Alex Dim, Asst. U. S. Atty., St. Paul, Minn. (George E. MacKinnon, U. S. Atty., St. Paul, Minn., was with him on the brief), for appellee.

Before SANBORN, COLLET and VAN OOSTERHOUT, Circuit Judges.

COLLET, Circuit Judge.

David H. Hayden was indicted February 20, 1954, for wilfully and knowingly attempting to defeat and evade a large part of the taxes due and owing by Hayden Motor Sales, Inc., a corporation, for the year 1947, "by the filing and causing to be filed * * * a false and fraudulent return * * *." It was further charged that Herbert V. Imholte "did wilfully and knowingly aid, abet, counsel, command, induce and procure the willful and knowing attempt of the said David H. Hayden to defeat and evade a large part of the taxes due and owing by the said Hayden Motor Sales, Inc., * * * for the calendar year 1947, * * *." Hayden entered a plea of guilty and testified for the Government. Imholte was tried and convicted by a jury. From the judgment of conviction he appeals.
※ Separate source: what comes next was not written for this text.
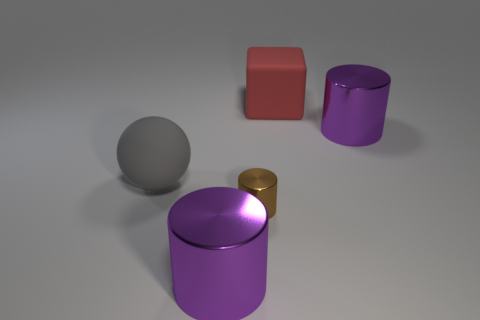Subtract all tiny cylinders. How many cylinders are left? 2 Add 4 purple metallic things. How many objects exist? 9 Subtract all brown cylinders. How many cylinders are left? 2 Subtract all blue cubes. How many purple cylinders are left? 2 Subtract all cubes. How many objects are left? 4 Subtract 1 cubes. How many cubes are left? 0 Add 4 big gray rubber objects. How many big gray rubber objects exist? 5 Subtract 0 blue blocks. How many objects are left? 5 Subtract all yellow cylinders. Subtract all purple blocks. How many cylinders are left? 3 Subtract all large matte cubes. Subtract all brown things. How many objects are left? 3 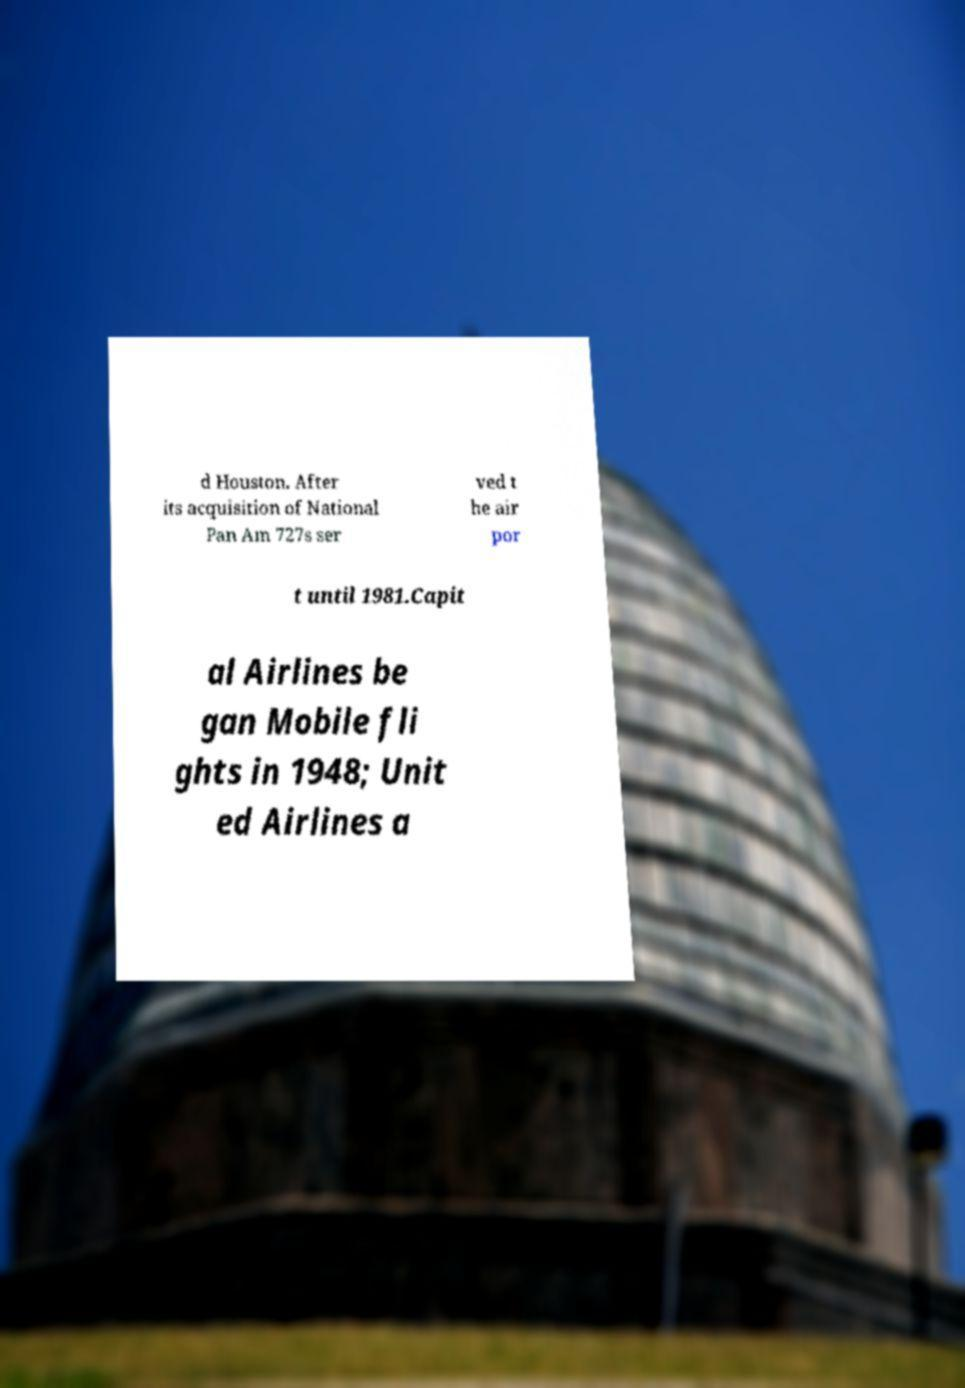For documentation purposes, I need the text within this image transcribed. Could you provide that? d Houston. After its acquisition of National Pan Am 727s ser ved t he air por t until 1981.Capit al Airlines be gan Mobile fli ghts in 1948; Unit ed Airlines a

There is no substantial dispute concerning the facts. As defendant realizes, they must now be viewed in the light most favorable to the jury's conclusion. Defendant contends that "there is no evidence whatsoever to support the jury's verdict." That position is based upon the premise that the offense charged was the filing of a false return on March 15, 1948, that the applicable six-year statute of limitations, 26 U.S. C.A. § 3748, barred the prosecution of Imholte for any acts committed by him prior to February 20, 1948, that Imholte had nothing to do with the filing of the corporate return on March 15, 1948 (which the Government concedes) and that all evidence of Imholte's acts and conduct during the year 1947 was inadmissible, hence the above-stated contention that there was no evidence to support the conviction. If, as we shall presently discuss, the substantive charge was, as defendant asserts, that he aided and abetted in the filing of the false return (which was clearly false), there is no evidence to support the charge because it was not shown that Imholte had anything to do with the actual filing of the return except that as a notary he acknowledged Hayden's signature to it, which is not deemed of material importance. Thanks to the ability and forthrightness of counsel, there is no quibbling about facts which the jury was warranted in finding, or the inferences which could properly be drawn from facts in evidence. And the issues of law are fairly and ably presented in the briefs. The facts upon which the conviction was based will be briefly stated, leaving for determination thereafter the admissibility of the evidence establishing those facts, and the other questions of law presented.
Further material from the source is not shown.